Opinion Information Sheet

Docket Number: 41321-3
Title of Case: State Of Washington, Respondent V A. M. T., Appellant
File Date: 02/07/2012

SOURCE OF APPEAL
----------------
Appeal from Pierce County Superior Court
Docket No: 10-8-00865-6
Judgment or order under review
Date filed: 09/22/2010
Judge signing: Honorable Beverly. G Grant

JUDGES
------
Authored byDavid H. Armstrong
Concurring:Joel Penoyar
Christine Quinn-Brintnall

COUNSEL OF RECORD
-----------------

Counsel for Appellant(s)
 Sheri Lynn Arnold  
 Attorney at Law
 Po Box 7718
 Tacoma, WA, 98417-0718

Counsel for Respondent(s)
 Kimberley Ann Demarco  
 Pierce County Prosecutor's Office
 930 Tacoma Ave S Rm 946
 Tacoma, WA, 98402-2102
			

    IN THE COURT OF APPEALS OF THE STATE OF WASHINGTON

                                       DIVISION  II

STATE OF WASHINGTON,                                             No.  41321-3-II

                             Respondent,
                                                           UNPUBLISHED OPINION
       v.

A.M.T.,1

                             Appellant.

       Armstrong, J.  --  A.M.T. challenges the sufficiency of the evidence in her juvenile 

adjudication of third degree assault of a law enforcement officer performing his official duties. 

Viewed in the light most favorable to the State, we are satisfied that the evidence was sufficient to 

prove the assault.  We affirm.

                                            FACTS

       One day in June 2010, A.M.T. and her mother, J.T.,2 argued after J.T. kicked out 

A.M.T.'s boyfriend who had lived with them for eight months.  A.M.T. was upset and J.T. called 

police hoping they could calm her down.

1 Under RAP 3.4, this court changes the title of the case to the juvenile's initials. This court uses 
initials to protect the juvenile's rights to confidentiality.
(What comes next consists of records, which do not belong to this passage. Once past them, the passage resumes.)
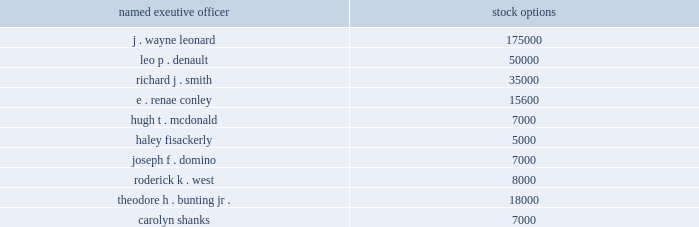For purposes of determining entergy corporation's relative performance for the 2006-2008 period , the committee used the philadelphia utility index as the peer group .
Based on market data and the recommendation of management , the committee compared entergy corporation's total shareholder return against the total shareholder return of the companies that comprised the philadelphia utility index .
Based on a comparison of entergy corporation's performance relative to the philadelphia utility index as described above , the committee concluded that entergy corporation had exceeded the performance targets for the 2006-2008 performance cycle with entergy finishing in the first quartile which resulted in a payment of 250% ( 250 % ) of target ( the maximum amount payable ) .
Each performance unit was then automatically converted into cash at the rate of $ 83.13 per unit , the closing price of entergy corporation common stock on the last trading day of the performance cycle ( december 31 , 2008 ) , plus dividend equivalents accrued over the three-year performance cycle .
See the 2008 option exercises and stock vested table for the amount paid to each of the named executive officers for the 2006-2008 performance unit cycle .
Stock options the personnel committee and in the case of the named executive officers ( other than mr .
Leonard , mr .
Denault and mr .
Smith ) , entergy's chief executive officer and the named executive officer's supervisor consider several factors in determining the amount of stock options it will grant under entergy's equity ownership plans to the named executive officers , including : individual performance ; prevailing market practice in stock option grants ; the targeted long-term value created by the use of stock options ; the number of participants eligible for stock options , and the resulting "burn rate" ( i.e. , the number of stock options authorized divided by the total number of shares outstanding ) to assess the potential dilutive effect ; and the committee's assessment of other elements of compensation provided to the named executive officer for stock option awards to the named executive officers ( other than mr .
Leonard ) , the committee's assessment of individual performance of each named executive officer done in consultation with entergy corporation's chief executive officer is the most important factor in determining the number of options awarded .
The table sets forth the number of stock options granted to each named executive officer in 2008 .
The exercise price for each option was $ 108.20 , which was the closing fair market value of entergy corporation common stock on the date of grant. .
The option grants awarded to the named executive officers ( other than mr .
Leonard and mr .
Lewis ) ranged in amount between 5000 and 50000 shares .
Mr .
Lewis did not receive any stock option awards in 2008 .
In the case of mr .
Leonard , who received 175000 stock options , the committee took special note of his performance as entergy corporation's chief executive officer .
Among other things , the committee noted that .
What is the total value of stock options for j . wayne leonard , in millions? 
Computations: ((175000 * 108.20) / 1000000)
Answer: 18.935. 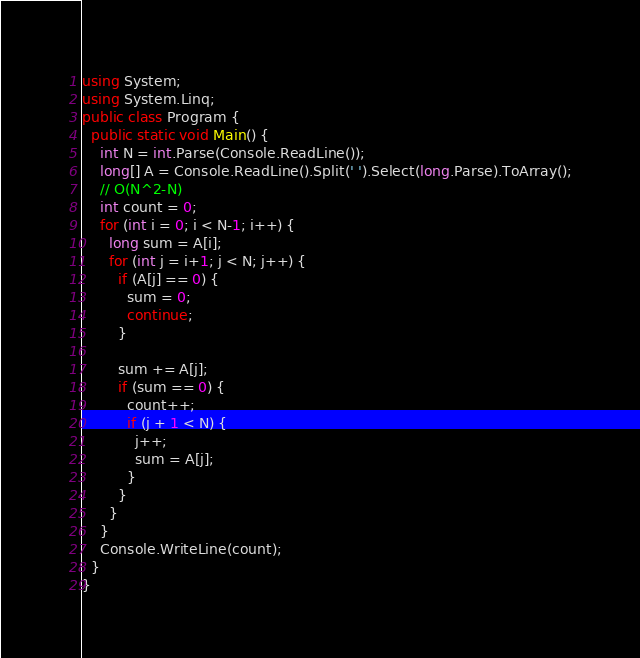<code> <loc_0><loc_0><loc_500><loc_500><_C#_>using System;
using System.Linq;
public class Program {
  public static void Main() {
    int N = int.Parse(Console.ReadLine());
    long[] A = Console.ReadLine().Split(' ').Select(long.Parse).ToArray();
    // O(N^2-N)
    int count = 0;
    for (int i = 0; i < N-1; i++) {
      long sum = A[i];
      for (int j = i+1; j < N; j++) {
        if (A[j] == 0) {
          sum = 0;
          continue;
        }

        sum += A[j];
        if (sum == 0) {
          count++;
          if (j + 1 < N) {
            j++;
            sum = A[j];
          }
        }
      }
    }
    Console.WriteLine(count);
  }
}
</code> 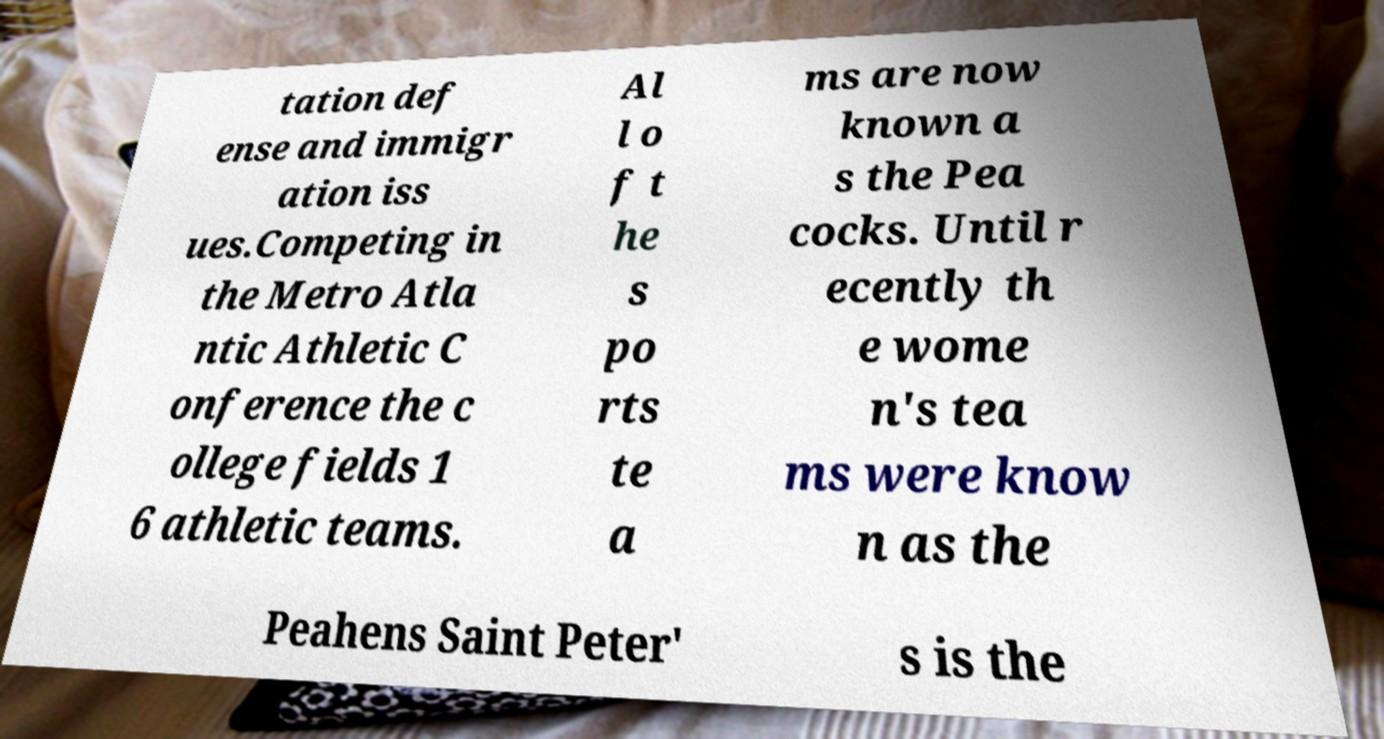Could you assist in decoding the text presented in this image and type it out clearly? tation def ense and immigr ation iss ues.Competing in the Metro Atla ntic Athletic C onference the c ollege fields 1 6 athletic teams. Al l o f t he s po rts te a ms are now known a s the Pea cocks. Until r ecently th e wome n's tea ms were know n as the Peahens Saint Peter' s is the 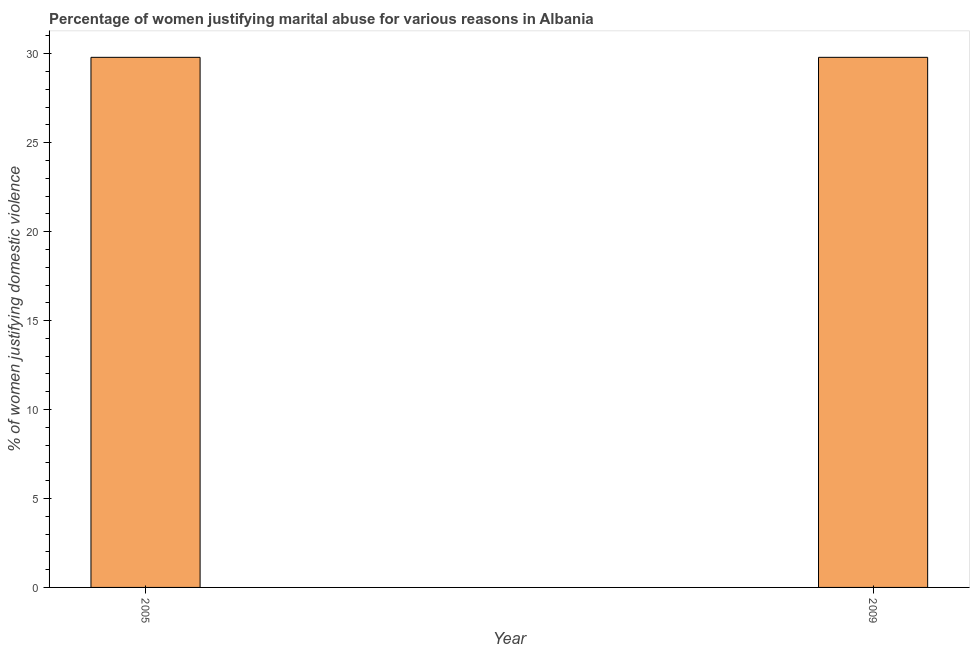Does the graph contain any zero values?
Give a very brief answer. No. Does the graph contain grids?
Offer a terse response. No. What is the title of the graph?
Give a very brief answer. Percentage of women justifying marital abuse for various reasons in Albania. What is the label or title of the X-axis?
Provide a succinct answer. Year. What is the label or title of the Y-axis?
Offer a very short reply. % of women justifying domestic violence. What is the percentage of women justifying marital abuse in 2009?
Make the answer very short. 29.8. Across all years, what is the maximum percentage of women justifying marital abuse?
Offer a very short reply. 29.8. Across all years, what is the minimum percentage of women justifying marital abuse?
Offer a terse response. 29.8. In which year was the percentage of women justifying marital abuse maximum?
Ensure brevity in your answer.  2005. In which year was the percentage of women justifying marital abuse minimum?
Provide a succinct answer. 2005. What is the sum of the percentage of women justifying marital abuse?
Offer a terse response. 59.6. What is the average percentage of women justifying marital abuse per year?
Your response must be concise. 29.8. What is the median percentage of women justifying marital abuse?
Keep it short and to the point. 29.8. How many bars are there?
Offer a terse response. 2. How many years are there in the graph?
Make the answer very short. 2. What is the difference between two consecutive major ticks on the Y-axis?
Ensure brevity in your answer.  5. What is the % of women justifying domestic violence in 2005?
Make the answer very short. 29.8. What is the % of women justifying domestic violence of 2009?
Make the answer very short. 29.8. 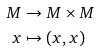<formula> <loc_0><loc_0><loc_500><loc_500>M & \to M \times M \\ x & \mapsto ( x , x )</formula>

2 This court uses initials when referring to appellant's relatives to protect the appellant's 
confidentiality. 

No. 41321-3-II

       Pierce County Sheriff's Deputy Brian Heimann responded to J.T.'s call.  He arrived at the 

scene in uniform and attempted to take separate statements from A.M.T. and J.T.       The three 

stood outside near a driveway along with A.M.T.'s boyfriend.

       While Deputy Heimann spoke with J.T., A.M.T. repeatedly interrupted, stating that she 

knew her "rights."  Report of Proceedings (RP) (Aug. 31, 2010) at 45.  Deputy Heimann then 

approached A.M.T., who stood less than five feet away.  A.M.T. told the deputy to get out of her 

"space." RP (Aug. 31, 2010) at 15.  At that point, A.M.T.'s boyfriend asked Deputy Heimann if 

he could try to calm A.M.T. down.  Deputy Heimann agreed and went back to talking with J.T.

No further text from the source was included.